Thank you in advance!

Hi! First of all, don’t remove wildcards, they are needed. It’s just that Gromologist requires them to be at the bottom of the list, in order to avoid them being applied wrongly in older Gromacs versions.

It is entirely possible that the DNA and RNA FFs will have conflicting entries for some bonded terms, that’s why the best strategy is to (in this order):

  1. First prepare the RNA and DNA topologies separately
  2. Run t.add_ff_params() and t.explicit_defines() on both topologies and save them separately - this way all the bonded terms will be self-contained
  3. Run t.add_molecule_from_file(...) and t.add_molecule_to_system(...) to move, say, the RNA molecule into the DNA system’s topology
  4. Run t.find_missing_ff_params() to check for the last part that’s possibly missing, i.e. nonbonded parameters; it’s next to impossible for nucleic acids’ atom types in chiOL3 and bsc1 to have different LJ parameters, but other atom types (protein, ions etc) might differ slightly, and if any are missing, make sure to transfer them too.

This should be generally more robust than using add_parameters_from_file, and sorry if that wasn’t clear from my previous suggestion.

Either way, let me know if it ends up working!

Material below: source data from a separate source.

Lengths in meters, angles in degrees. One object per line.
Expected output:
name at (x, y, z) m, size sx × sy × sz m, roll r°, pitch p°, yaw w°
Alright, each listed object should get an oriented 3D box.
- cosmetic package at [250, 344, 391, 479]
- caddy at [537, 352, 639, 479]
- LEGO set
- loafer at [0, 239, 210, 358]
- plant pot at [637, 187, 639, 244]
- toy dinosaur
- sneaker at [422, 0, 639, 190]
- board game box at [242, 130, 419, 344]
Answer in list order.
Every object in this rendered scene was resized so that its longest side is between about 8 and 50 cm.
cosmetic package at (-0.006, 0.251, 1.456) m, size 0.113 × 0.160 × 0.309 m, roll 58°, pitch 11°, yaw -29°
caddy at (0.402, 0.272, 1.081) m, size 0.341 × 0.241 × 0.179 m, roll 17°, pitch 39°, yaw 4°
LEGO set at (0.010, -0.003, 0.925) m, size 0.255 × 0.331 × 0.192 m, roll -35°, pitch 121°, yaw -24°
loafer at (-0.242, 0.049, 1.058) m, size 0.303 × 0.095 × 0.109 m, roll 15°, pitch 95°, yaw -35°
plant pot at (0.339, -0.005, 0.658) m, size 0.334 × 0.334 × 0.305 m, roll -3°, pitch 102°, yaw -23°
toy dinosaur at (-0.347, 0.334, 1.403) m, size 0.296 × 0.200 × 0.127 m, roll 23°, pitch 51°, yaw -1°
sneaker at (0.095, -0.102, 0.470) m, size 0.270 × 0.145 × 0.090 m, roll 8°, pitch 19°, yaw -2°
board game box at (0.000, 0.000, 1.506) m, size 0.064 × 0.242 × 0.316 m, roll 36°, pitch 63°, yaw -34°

I’ve tried the method for both the OL3/parmbsc1 combination and for the parameters for the DE Shaw forcefields, so far it seems to work up to the .find_missing_ff_params() step, at which point I get ‘Couldn’t find definition of atom type’ messages, the atoms being the RNA’s C5 for the OL3/parmbsc1 and the RNA’s CA_CA and NC_NA for the DE Shaw forcefields. When I checked the .top files saved from step 2, these atoms were present under the RNA .top file but not in the DNA .top file, so is the issue that not all the parameters transferred from the RNA to the DNA topology file? If so, is there a way to specify adding those specific atoms, or is it best to just manually copy-paste the parameters involved with those atoms from the RNA to the DNA topology before merging the topologies?

I’d say if they are just 1-2 atom types, it’s safer to transfer the corresponding 1-2 lines manually. You can merge automatically but then the chance of something getting overwritten becomes somewhat larger. Of course, you don’t need to worry about the bonded terms, as these should be already explicitly embedded in the molecules’ definitions.